▶ **Exercise prompt**
Line by line, retype the material exactly and leave each picture out.

▶ **Exercise data**
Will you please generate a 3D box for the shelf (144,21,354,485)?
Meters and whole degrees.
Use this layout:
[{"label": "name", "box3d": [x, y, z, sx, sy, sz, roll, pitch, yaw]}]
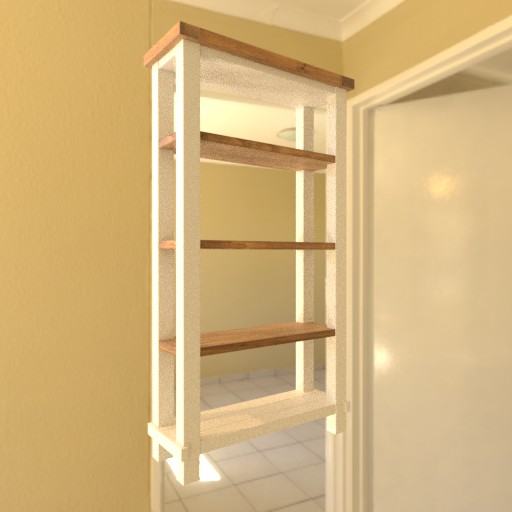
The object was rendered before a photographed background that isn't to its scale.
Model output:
[{"label": "shelf", "box3d": [0.000, 0.000, 2.220, 1.022, 1.878, 0.381, 0, 0, -36]}]
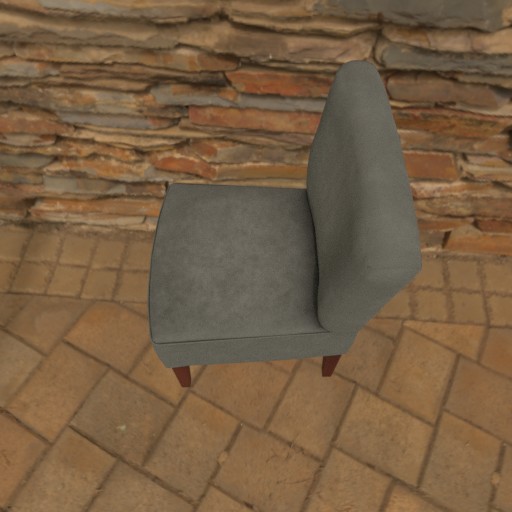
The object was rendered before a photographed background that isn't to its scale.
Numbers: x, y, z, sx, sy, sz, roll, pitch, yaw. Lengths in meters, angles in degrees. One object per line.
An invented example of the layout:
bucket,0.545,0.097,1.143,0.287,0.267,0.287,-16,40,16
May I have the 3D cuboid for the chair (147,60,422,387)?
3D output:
chair,0.000,0.000,1.165,0.554,0.806,0.521,0,59,0
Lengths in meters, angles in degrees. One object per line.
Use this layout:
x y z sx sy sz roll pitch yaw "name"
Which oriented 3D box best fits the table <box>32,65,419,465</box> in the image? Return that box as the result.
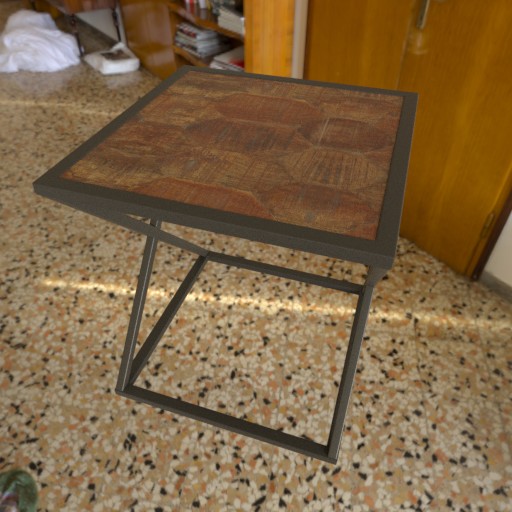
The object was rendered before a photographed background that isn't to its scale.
0.000 0.000 0.930 0.500 0.565 0.500 12 44 13 "table"
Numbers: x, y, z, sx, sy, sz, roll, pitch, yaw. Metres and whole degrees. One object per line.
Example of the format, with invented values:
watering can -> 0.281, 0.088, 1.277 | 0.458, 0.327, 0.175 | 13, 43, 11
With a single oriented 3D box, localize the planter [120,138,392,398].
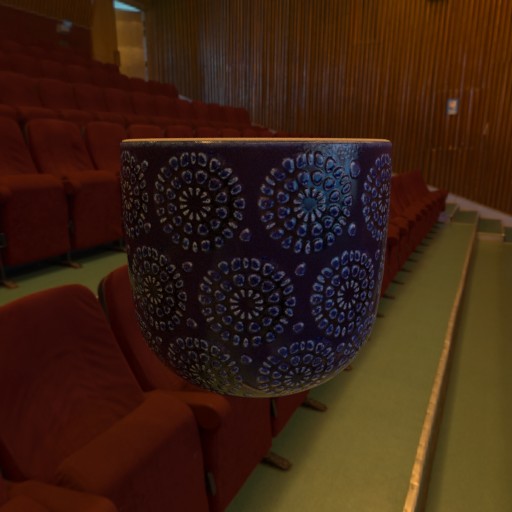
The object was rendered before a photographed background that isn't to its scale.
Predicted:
planter -> 0.000, 0.000, 0.295 | 0.165, 0.149, 0.165 | 0, 14, 0
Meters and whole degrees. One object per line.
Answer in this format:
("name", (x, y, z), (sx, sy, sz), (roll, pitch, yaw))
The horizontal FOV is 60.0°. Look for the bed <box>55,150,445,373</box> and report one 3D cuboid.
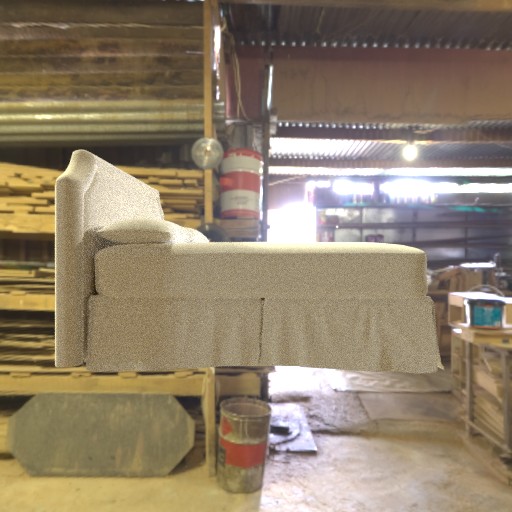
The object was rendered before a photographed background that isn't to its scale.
("bed", (0.000, 0.000, 3.494), (2.204, 1.301, 2.160), (0, 1, 1))
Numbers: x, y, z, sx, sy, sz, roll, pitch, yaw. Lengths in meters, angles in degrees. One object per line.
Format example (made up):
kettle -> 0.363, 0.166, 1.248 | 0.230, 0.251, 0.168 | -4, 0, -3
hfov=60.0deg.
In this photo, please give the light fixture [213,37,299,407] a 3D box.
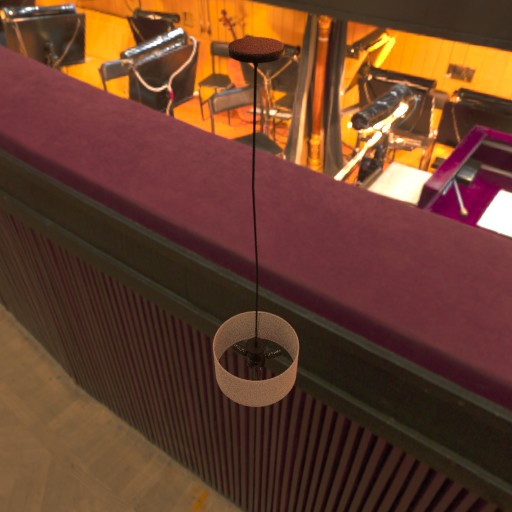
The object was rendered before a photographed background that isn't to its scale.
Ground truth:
light fixture -> 0.000, 0.000, 1.694 | 0.399, 1.516, 0.399 | 0, 42, 0
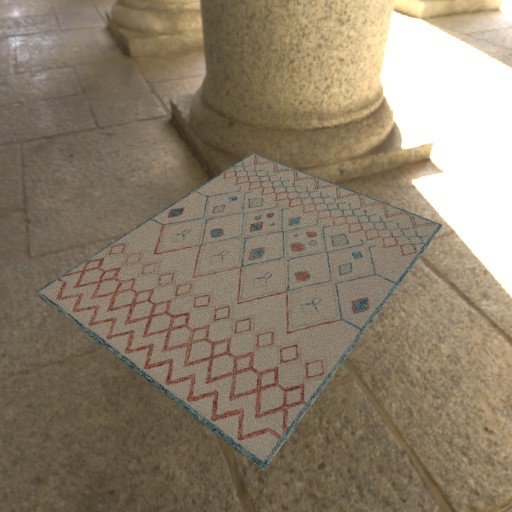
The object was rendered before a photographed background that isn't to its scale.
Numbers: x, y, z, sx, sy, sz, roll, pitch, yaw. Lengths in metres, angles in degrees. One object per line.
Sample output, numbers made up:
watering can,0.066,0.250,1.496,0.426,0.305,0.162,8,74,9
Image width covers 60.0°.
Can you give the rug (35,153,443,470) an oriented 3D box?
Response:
rug,0.000,0.000,4.137,2.441,0.016,3.050,27,48,27
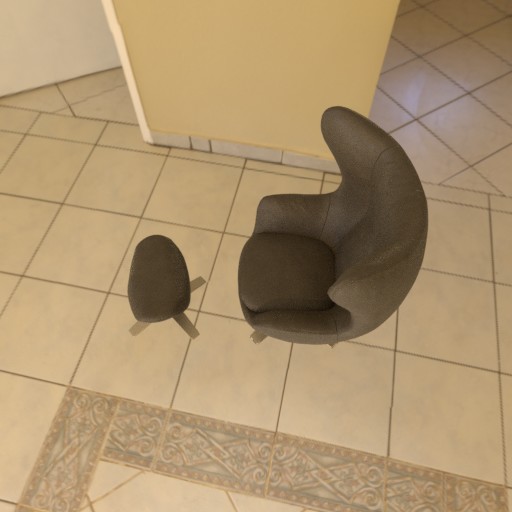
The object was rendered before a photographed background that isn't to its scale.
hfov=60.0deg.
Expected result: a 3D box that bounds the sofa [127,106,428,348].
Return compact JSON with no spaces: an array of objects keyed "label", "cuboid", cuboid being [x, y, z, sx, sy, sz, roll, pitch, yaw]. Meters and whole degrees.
[{"label":"sofa","cuboid":[0.000,0.000,2.146,1.444,1.135,0.894,2,59,1]}]

▶ **Exercise response**
Will you please generate a 3D box for the shelf (144,21,354,485)?
Meters and whole degrees.
Use this layout:
[{"label": "name", "box3d": [x, y, z, sx, sy, sz, roll, pitch, yaw]}]
The object was rendered before a photographed background that isn't to its scale.
Model output:
[{"label": "shelf", "box3d": [0.000, 0.000, 2.220, 1.022, 1.878, 0.381, 0, 0, -36]}]
The object was rendered before a photographed background that isn't to its scale.
Numbers: x, y, z, sx, sy, sz, roll, pitch, yaw. Lengths in meters, angles in degrees. One object per line.
An invented example of the layout:
bucket,0.545,0.097,1.143,0.287,0.267,0.287,-16,40,16
May I have the 3D cuboid for the chair (147,60,422,387)?
3D output:
chair,0.000,0.000,1.165,0.554,0.806,0.521,0,59,0
Lengths in meters, angles in degrees. One object per line.
Use this layout:
x y z sx sy sz roll pitch yaw "name"
Which oriented 3D box best fits the table <box>32,65,419,465</box> in the image? Return that box as the result.
The object was rendered before a photographed background that isn't to its scale.
0.000 0.000 0.930 0.500 0.565 0.500 12 44 13 "table"
Numbers: x, y, z, sx, sy, sz, roll, pitch, yaw. Metres and whole degrees. One object per line.
Example of the format, with invented values:
watering can -> 0.281, 0.088, 1.277 | 0.458, 0.327, 0.175 | 13, 43, 11
With a single oriented 3D box, localize the planter [120,138,392,398].
The object was rendered before a photographed background that isn't to its scale.
Predicted:
planter -> 0.000, 0.000, 0.295 | 0.165, 0.149, 0.165 | 0, 14, 0
Meters and whole degrees. One object per line.
Answer in this format:
("name", (x, y, z), (sx, sy, sz), (roll, pitch, yaw))
The horizontal FOV is 60.0°. Look for the bed <box>55,150,445,373</box> and report one 3D cuboid.
The object was rendered before a photographed background that isn't to its scale.
("bed", (0.000, 0.000, 3.494), (2.204, 1.301, 2.160), (0, 1, 1))
Numbers: x, y, z, sx, sy, sz, roll, pitch, yaw. Lengths in meters, angles in degrees. One object per line.
Format example (made up):
kettle -> 0.363, 0.166, 1.248 | 0.230, 0.251, 0.168 | -4, 0, -3
hfov=60.0deg.
In this photo, please give the light fixture [213,37,299,407] a 3D box.
The object was rendered before a photographed background that isn't to its scale.
Ground truth:
light fixture -> 0.000, 0.000, 1.694 | 0.399, 1.516, 0.399 | 0, 42, 0
The object was rendered before a photographed background that isn't to its scale.
Numbers: x, y, z, sx, sy, sz, roll, pitch, yaw. Lengths in metres, angles in degrees. One object per line.
Sample output, numbers made up:
watering can,0.066,0.250,1.496,0.426,0.305,0.162,8,74,9
Image width covers 60.0°.
Can you give the rug (35,153,443,470) an oriented 3D box?
Response:
rug,0.000,0.000,4.137,2.441,0.016,3.050,27,48,27
The object was rendered before a photographed background that isn't to its scale.
hfov=60.0deg.
Expected result: a 3D box that bounds the sofa [127,106,428,348].
Return compact JSON with no spaces: an array of objects keyed "label", "cuboid", cuboid being [x, y, z, sx, sy, sz, roll, pitch, yaw]. Meters and whole degrees.
[{"label":"sofa","cuboid":[0.000,0.000,2.146,1.444,1.135,0.894,2,59,1]}]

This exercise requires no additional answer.